The Future of Jobs Report 2025 offers a detailed, forward-looking map of how AI and related technologies are set to reshape employment by 2030. It presents a balanced narrative in which significant job creation coexists with meaningful disruption, underscoring the need for strategic investment in retraining, AI literacy, and adaptable workforce design. The evidence points to a global net gain in jobs, driven by new opportunities and the expansion of AI-enabled capabilities, even as certain occupations decline and some work processes become automated.

Key takeaways emphasize the centrality of human-AI collaboration, with a substantial share of firms planning retraining initiatives to prepare workers for AI-enabled roles. The report also highlights the demand for AI-specific skills, data analytics, cybersecurity, and broad technological literacy as critical drivers of hiring and career growth through 2030. The changing job landscape will require educators, policymakers, and employers to align curricula, infrastructure, and social protections with the evolving needs of the AI era, ensuring that workers can not only survive the transition but thrive within it.
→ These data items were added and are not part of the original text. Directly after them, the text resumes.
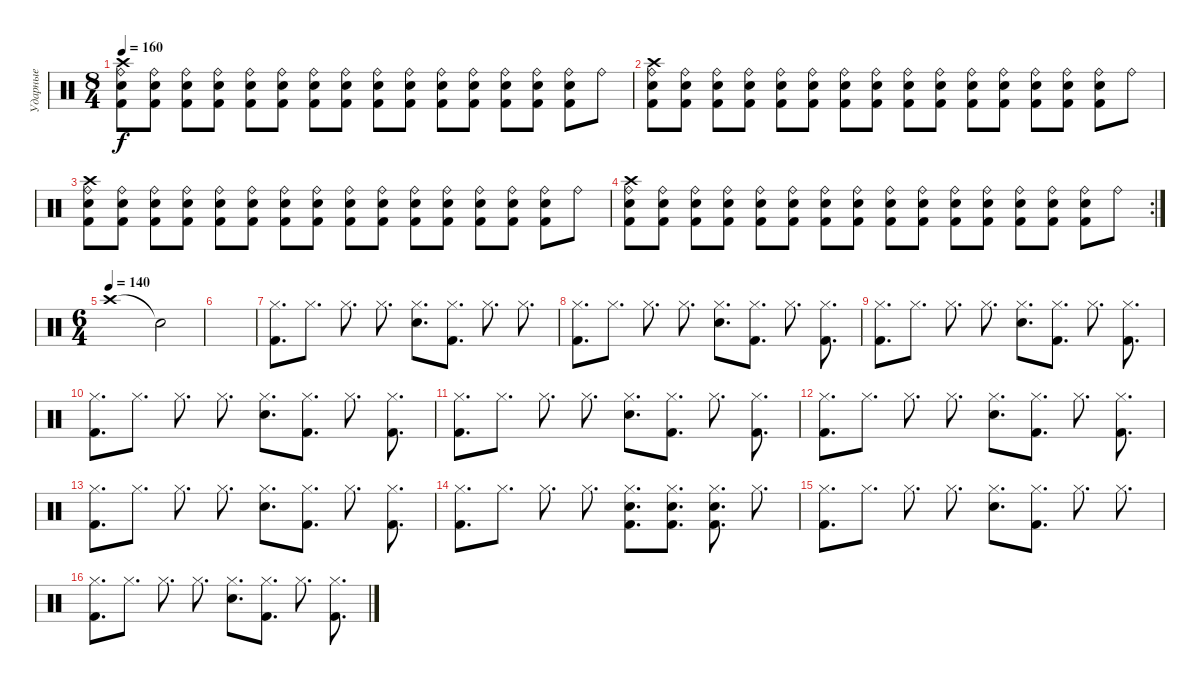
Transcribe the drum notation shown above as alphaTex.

\track ("Ударные" "Ударные") {instrument percussion}
\staff {score}
\articulation defaults
\ts (8 4)
\tempo 160
\clef neutral
\ks c
("Ride (bell)" "Crash high (hit)" "Kick (hit) 2" "Snare (hit) 2").8{dy f} ("Ride (bell)" "Kick (hit) 2" "Snare (hit) 2").8 ("Ride (bell)" "Kick (hit) 2" "Snare (hit) 2").8 ("Ride (bell)" "Kick (hit) 2" "Snare (hit) 2").8 ("Ride (bell)" "Kick (hit) 2" "Snare (hit) 2").8 ("Ride (bell)" "Kick (hit) 2" "Snare (hit) 2").8 ("Ride (bell)" "Kick (hit) 2" "Snare (hit) 2").8 ("Ride (bell)" "Kick (hit) 2" "Snare (hit) 2").8 ("Ride (bell)" "Snare (hit) 2" "Kick (hit) 2").8 ("Ride (bell)" "Snare (hit) 2" "Kick (hit) 2").8 ("Ride (bell)" "Snare (hit) 2" "Kick (hit) 2").8 ("Ride (bell)" "Snare (hit) 2" "Kick (hit) 2").8 ("Ride (bell)" "Snare (hit) 2" "Kick (hit) 2").8 ("Ride (bell)" "Snare (hit) 2" "Kick (hit) 2").8 ("Ride (bell)" "Snare (hit) 2" "Kick (hit) 2").8 "Ride (bell)".8 |
("Ride (bell)" "Crash high (hit)" "Kick (hit) 2" "Snare (hit) 2").8 ("Ride (bell)" "Kick (hit) 2" "Snare (hit) 2").8 ("Ride (bell)" "Kick (hit) 2" "Snare (hit) 2").8 ("Ride (bell)" "Kick (hit) 2" "Snare (hit) 2").8 ("Ride (bell)" "Kick (hit) 2" "Snare (hit) 2").8 ("Ride (bell)" "Kick (hit) 2" "Snare (hit) 2").8 ("Ride (bell)" "Kick (hit) 2" "Snare (hit) 2").8 ("Ride (bell)" "Kick (hit) 2" "Snare (hit) 2").8 ("Ride (bell)" "Snare (hit) 2" "Kick (hit) 2").8 ("Ride (bell)" "Snare (hit) 2" "Kick (hit) 2").8 ("Ride (bell)" "Snare (hit) 2" "Kick (hit) 2").8 ("Ride (bell)" "Snare (hit) 2" "Kick (hit) 2").8 ("Ride (bell)" "Snare (hit) 2" "Kick (hit) 2").8 ("Ride (bell)" "Snare (hit) 2" "Kick (hit) 2").8 ("Ride (bell)" "Snare (hit) 2" "Kick (hit) 2").8 "Ride (bell)".8 |
("Ride (bell)" "Crash high (hit)" "Kick (hit) 2" "Snare (hit) 2").8 ("Ride (bell)" "Kick (hit) 2" "Snare (hit) 2").8 ("Ride (bell)" "Kick (hit) 2" "Snare (hit) 2").8 ("Ride (bell)" "Kick (hit) 2" "Snare (hit) 2").8 ("Ride (bell)" "Kick (hit) 2" "Snare (hit) 2").8 ("Ride (bell)" "Kick (hit) 2" "Snare (hit) 2").8 ("Ride (bell)" "Kick (hit) 2" "Snare (hit) 2").8 ("Ride (bell)" "Kick (hit) 2" "Snare (hit) 2").8 ("Ride (bell)" "Snare (hit) 2" "Kick (hit) 2").8 ("Ride (bell)" "Snare (hit) 2" "Kick (hit) 2").8 ("Ride (bell)" "Snare (hit) 2" "Kick (hit) 2").8 ("Ride (bell)" "Snare (hit) 2" "Kick (hit) 2").8 ("Ride (bell)" "Snare (hit) 2" "Kick (hit) 2").8 ("Ride (bell)" "Snare (hit) 2" "Kick (hit) 2").8 ("Ride (bell)" "Snare (hit) 2" "Kick (hit) 2").8 "Ride (bell)".8 |
\rc 2
("Ride (bell)" "Crash high (hit)" "Kick (hit) 2" "Snare (hit) 2").8 ("Ride (bell)" "Kick (hit) 2" "Snare (hit) 2").8 ("Ride (bell)" "Kick (hit) 2" "Snare (hit) 2").8 ("Ride (bell)" "Kick (hit) 2" "Snare (hit) 2").8 ("Ride (bell)" "Kick (hit) 2" "Snare (hit) 2").8 ("Ride (bell)" "Kick (hit) 2" "Snare (hit) 2").8 ("Ride (bell)" "Kick (hit) 2" "Snare (hit) 2").8 ("Ride (bell)" "Kick (hit) 2" "Snare (hit) 2").8 ("Ride (bell)" "Snare (hit) 2" "Kick (hit) 2").8 ("Ride (bell)" "Snare (hit) 2" "Kick (hit) 2").8 ("Ride (bell)" "Snare (hit) 2" "Kick (hit) 2").8 ("Ride (bell)" "Snare (hit) 2" "Kick (hit) 2").8 ("Ride (bell)" "Snare (hit) 2" "Kick (hit) 2").8 ("Ride (bell)" "Snare (hit) 2" "Kick (hit) 2").8 ("Ride (bell)" "Snare (hit) 2" "Kick (hit) 2").8 "Ride (bell)".8 |
\ts (6 4)
\tempo (140)
"Crash high (hit)".1 "Snare (hit)"{t}.2 |
|
("Hi-Hat (closed)" "Kick (hit) 2").8{d} "Hi-Hat (closed)".8{d} "Hi-Hat (closed)".8{d} "Hi-Hat (closed)".8{d} ("Hi-Hat (closed)" "Snare (hit) 2").8{d} ("Hi-Hat (closed)" "Kick (hit) 2").8{d} "Hi-Hat (closed)".8{d} "Hi-Hat (closed)".8{d} |
("Hi-Hat (closed)" "Kick (hit) 2").8{d} "Hi-Hat (closed)".8{d} "Hi-Hat (closed)".8{d} "Hi-Hat (closed)".8{d} ("Hi-Hat (closed)" "Snare (hit) 2").8{d} ("Hi-Hat (closed)" "Kick (hit) 2").8{d} "Hi-Hat (closed)".8{d} ("Hi-Hat (closed)" "Kick (hit) 2").8{d} |
("Hi-Hat (closed)" "Kick (hit) 2").8{d} "Hi-Hat (closed)".8{d} "Hi-Hat (closed)".8{d} "Hi-Hat (closed)".8{d} ("Hi-Hat (closed)" "Snare (hit) 2").8{d} ("Hi-Hat (closed)" "Kick (hit) 2").8{d} "Hi-Hat (closed)".8{d} ("Hi-Hat (closed)" "Kick (hit) 2").8{d} |
("Hi-Hat (closed)" "Kick (hit) 2").8{d} "Hi-Hat (closed)".8{d} "Hi-Hat (closed)".8{d} "Hi-Hat (closed)".8{d} ("Hi-Hat (closed)" "Snare (hit) 2").8{d} ("Hi-Hat (closed)" "Kick (hit) 2").8{d} "Hi-Hat (closed)".8{d} ("Hi-Hat (closed)" "Kick (hit) 2").8{d} |
("Hi-Hat (closed)" "Kick (hit) 2").8{d} "Hi-Hat (closed)".8{d} "Hi-Hat (closed)".8{d} "Hi-Hat (closed)".8{d} ("Hi-Hat (closed)" "Snare (hit) 2").8{d} ("Hi-Hat (closed)" "Kick (hit) 2").8{d} "Hi-Hat (closed)".8{d} ("Hi-Hat (closed)" "Kick (hit) 2").8{d} |
("Hi-Hat (closed)" "Kick (hit) 2").8{d} "Hi-Hat (closed)".8{d} "Hi-Hat (closed)".8{d} "Hi-Hat (closed)".8{d} ("Hi-Hat (closed)" "Snare (hit) 2").8{d} ("Hi-Hat (closed)" "Kick (hit) 2").8{d} "Hi-Hat (closed)".8{d} ("Hi-Hat (closed)" "Kick (hit) 2").8{d} |
("Hi-Hat (closed)" "Kick (hit) 2").8{d} "Hi-Hat (closed)".8{d} "Hi-Hat (closed)".8{d} "Hi-Hat (closed)".8{d} ("Hi-Hat (closed)" "Snare (hit) 2").8{d} ("Hi-Hat (closed)" "Kick (hit) 2").8{d} "Hi-Hat (closed)".8{d} ("Hi-Hat (closed)" "Kick (hit) 2").8{d} |
("Hi-Hat (closed)" "Kick (hit) 2").8{d} "Hi-Hat (closed)".8{d} "Hi-Hat (closed)".8{d} "Hi-Hat (closed)".8{d} ("Hi-Hat (closed)" "Kick (hit) 2" "Snare (hit) 2").8{d} ("Hi-Hat (closed)" "Kick (hit) 2" "Snare (hit) 2").8{d} ("Hi-Hat (closed)" "Snare (hit) 2" "Kick (hit) 2").8{d} "Hi-Hat (closed)".8{d} |
("Hi-Hat (closed)" "Kick (hit) 2").8{d} "Hi-Hat (closed)".8{d} "Hi-Hat (closed)".8{d} "Hi-Hat (closed)".8{d} ("Hi-Hat (closed)" "Snare (hit) 2").8{d} ("Hi-Hat (closed)" "Kick (hit) 2").8{d} "Hi-Hat (closed)".8{d} "Hi-Hat (closed)".8{d} |
("Hi-Hat (closed)" "Kick (hit) 2").8{d} "Hi-Hat (closed)".8{d} "Hi-Hat (closed)".8{d} "Hi-Hat (closed)".8{d} ("Hi-Hat (closed)" "Snare (hit) 2").8{d} ("Hi-Hat (closed)" "Kick (hit) 2").8{d} "Hi-Hat (closed)".8{d} ("Hi-Hat (closed)" "Kick (hit) 2").8{d}

Looking ahead, the long-term outlook remains cautiously optimistic but contingent on deliberate policy choices and effective execution. While AI could, in theory, replace a portion of the labor force, it also promises to liberate workers to tackle higher-skilled, more creative, and strategically important tasks. The key to turning the potential into reality lies in comprehensive retraining programs, robust talent pipelines, and policies that support workers as they adapt to new roles and responsibilities. Collaboration among governments, businesses, educators, and civil society will be essential to maximize the positive impact of AI on employment, while mitigating risk and ensuring an inclusive transition for workers around the world.